Extract, from the listing that follows, each line containing the word "object".

Entries supplied Block Start

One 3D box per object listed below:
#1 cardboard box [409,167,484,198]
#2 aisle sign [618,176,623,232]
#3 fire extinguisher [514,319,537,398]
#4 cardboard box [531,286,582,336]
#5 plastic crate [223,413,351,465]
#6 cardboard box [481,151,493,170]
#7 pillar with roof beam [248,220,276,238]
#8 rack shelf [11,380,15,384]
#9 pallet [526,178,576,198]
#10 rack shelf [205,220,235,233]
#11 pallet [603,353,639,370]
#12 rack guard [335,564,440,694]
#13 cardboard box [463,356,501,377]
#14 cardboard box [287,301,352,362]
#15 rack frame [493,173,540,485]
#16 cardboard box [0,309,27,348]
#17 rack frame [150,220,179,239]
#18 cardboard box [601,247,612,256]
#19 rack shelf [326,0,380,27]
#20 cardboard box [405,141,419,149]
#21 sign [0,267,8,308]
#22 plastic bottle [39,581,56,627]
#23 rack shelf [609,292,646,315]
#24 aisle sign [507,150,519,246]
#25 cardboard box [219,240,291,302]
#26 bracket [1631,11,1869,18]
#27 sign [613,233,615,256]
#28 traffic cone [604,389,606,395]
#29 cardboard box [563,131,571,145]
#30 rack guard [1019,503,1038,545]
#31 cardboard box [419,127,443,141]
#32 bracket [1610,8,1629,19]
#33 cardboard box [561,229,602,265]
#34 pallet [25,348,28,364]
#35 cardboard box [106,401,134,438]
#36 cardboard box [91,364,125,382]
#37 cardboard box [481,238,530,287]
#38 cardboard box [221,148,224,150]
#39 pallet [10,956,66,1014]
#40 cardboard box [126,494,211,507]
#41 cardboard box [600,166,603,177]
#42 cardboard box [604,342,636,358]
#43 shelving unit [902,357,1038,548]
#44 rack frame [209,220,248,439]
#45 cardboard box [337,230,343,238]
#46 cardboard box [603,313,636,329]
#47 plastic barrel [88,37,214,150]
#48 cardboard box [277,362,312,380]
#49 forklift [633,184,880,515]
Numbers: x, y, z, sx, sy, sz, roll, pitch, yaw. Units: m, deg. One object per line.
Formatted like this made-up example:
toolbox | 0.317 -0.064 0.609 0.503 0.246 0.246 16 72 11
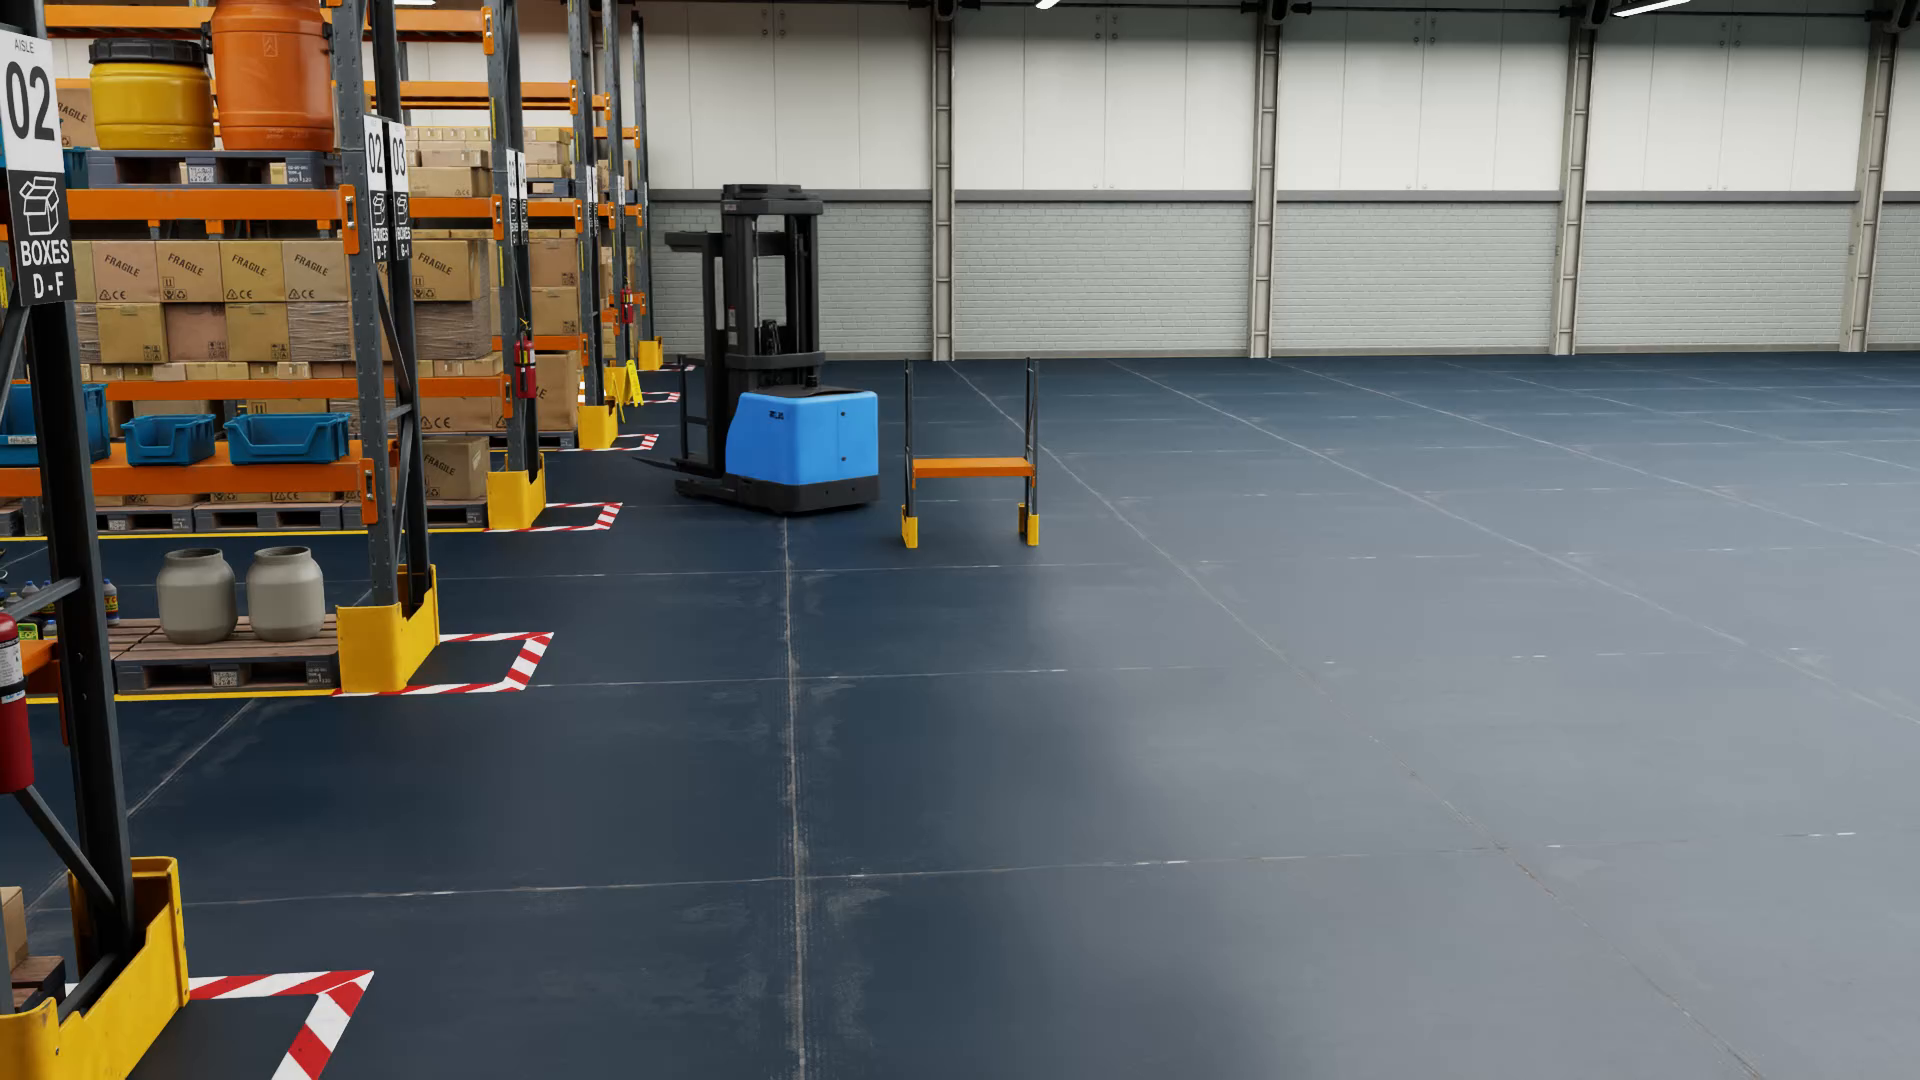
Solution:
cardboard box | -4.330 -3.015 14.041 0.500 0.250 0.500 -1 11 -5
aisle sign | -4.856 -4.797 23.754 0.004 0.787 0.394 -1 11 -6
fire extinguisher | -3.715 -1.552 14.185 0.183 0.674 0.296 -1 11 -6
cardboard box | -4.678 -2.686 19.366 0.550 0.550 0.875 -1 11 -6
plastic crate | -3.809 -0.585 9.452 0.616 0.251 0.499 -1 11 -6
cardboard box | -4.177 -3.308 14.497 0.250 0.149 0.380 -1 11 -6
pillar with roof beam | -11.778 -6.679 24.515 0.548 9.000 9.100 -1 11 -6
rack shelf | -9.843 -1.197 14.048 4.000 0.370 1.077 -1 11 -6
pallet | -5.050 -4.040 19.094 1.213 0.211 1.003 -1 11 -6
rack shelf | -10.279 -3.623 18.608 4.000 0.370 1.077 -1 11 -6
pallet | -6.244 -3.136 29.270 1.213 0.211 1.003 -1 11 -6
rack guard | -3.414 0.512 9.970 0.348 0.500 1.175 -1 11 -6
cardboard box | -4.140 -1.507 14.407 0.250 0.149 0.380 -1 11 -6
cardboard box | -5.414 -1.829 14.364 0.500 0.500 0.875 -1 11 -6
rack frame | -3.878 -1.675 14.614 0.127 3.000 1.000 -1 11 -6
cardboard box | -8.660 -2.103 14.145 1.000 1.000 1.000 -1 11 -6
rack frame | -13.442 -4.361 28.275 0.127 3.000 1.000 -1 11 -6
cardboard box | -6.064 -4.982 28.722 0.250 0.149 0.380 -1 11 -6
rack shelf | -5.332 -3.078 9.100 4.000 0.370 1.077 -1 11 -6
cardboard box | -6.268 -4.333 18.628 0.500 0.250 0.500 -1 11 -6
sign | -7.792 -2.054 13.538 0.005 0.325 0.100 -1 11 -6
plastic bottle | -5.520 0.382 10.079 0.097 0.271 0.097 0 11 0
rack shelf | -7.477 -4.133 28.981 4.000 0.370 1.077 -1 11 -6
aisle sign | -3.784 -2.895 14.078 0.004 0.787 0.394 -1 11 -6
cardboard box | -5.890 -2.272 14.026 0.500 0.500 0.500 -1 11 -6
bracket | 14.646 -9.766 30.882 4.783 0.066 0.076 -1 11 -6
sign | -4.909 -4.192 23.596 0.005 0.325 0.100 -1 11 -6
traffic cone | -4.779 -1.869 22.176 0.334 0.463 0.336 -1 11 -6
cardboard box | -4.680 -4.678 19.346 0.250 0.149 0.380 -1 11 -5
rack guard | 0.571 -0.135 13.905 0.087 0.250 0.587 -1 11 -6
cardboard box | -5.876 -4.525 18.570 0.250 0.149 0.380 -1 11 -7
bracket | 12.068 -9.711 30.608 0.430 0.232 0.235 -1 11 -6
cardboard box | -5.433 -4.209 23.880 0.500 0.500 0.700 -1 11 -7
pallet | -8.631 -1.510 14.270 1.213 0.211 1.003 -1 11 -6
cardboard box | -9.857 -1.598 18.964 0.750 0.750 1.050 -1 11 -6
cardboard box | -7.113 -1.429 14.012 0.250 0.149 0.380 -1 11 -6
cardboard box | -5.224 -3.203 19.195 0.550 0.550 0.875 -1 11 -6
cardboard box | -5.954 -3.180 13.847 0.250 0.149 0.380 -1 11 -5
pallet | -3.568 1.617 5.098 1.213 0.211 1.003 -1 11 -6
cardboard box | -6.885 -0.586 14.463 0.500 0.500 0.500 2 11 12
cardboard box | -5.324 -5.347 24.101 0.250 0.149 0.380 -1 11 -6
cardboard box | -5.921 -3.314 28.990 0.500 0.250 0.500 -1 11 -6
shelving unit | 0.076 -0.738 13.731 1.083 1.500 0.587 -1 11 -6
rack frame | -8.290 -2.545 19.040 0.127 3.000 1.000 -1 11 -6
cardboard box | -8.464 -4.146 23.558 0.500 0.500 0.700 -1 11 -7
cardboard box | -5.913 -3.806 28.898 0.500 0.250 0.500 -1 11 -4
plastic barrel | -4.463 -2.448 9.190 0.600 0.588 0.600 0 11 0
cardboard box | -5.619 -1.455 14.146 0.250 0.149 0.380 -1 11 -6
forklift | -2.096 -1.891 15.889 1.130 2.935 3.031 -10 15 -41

Entries supplied Block End

▸ **The answer**
One 3D box per object listed below:
Numbers: x, y, z, sx, sy, sz, roll, pitch, yaw. Units: m, deg. One object per line.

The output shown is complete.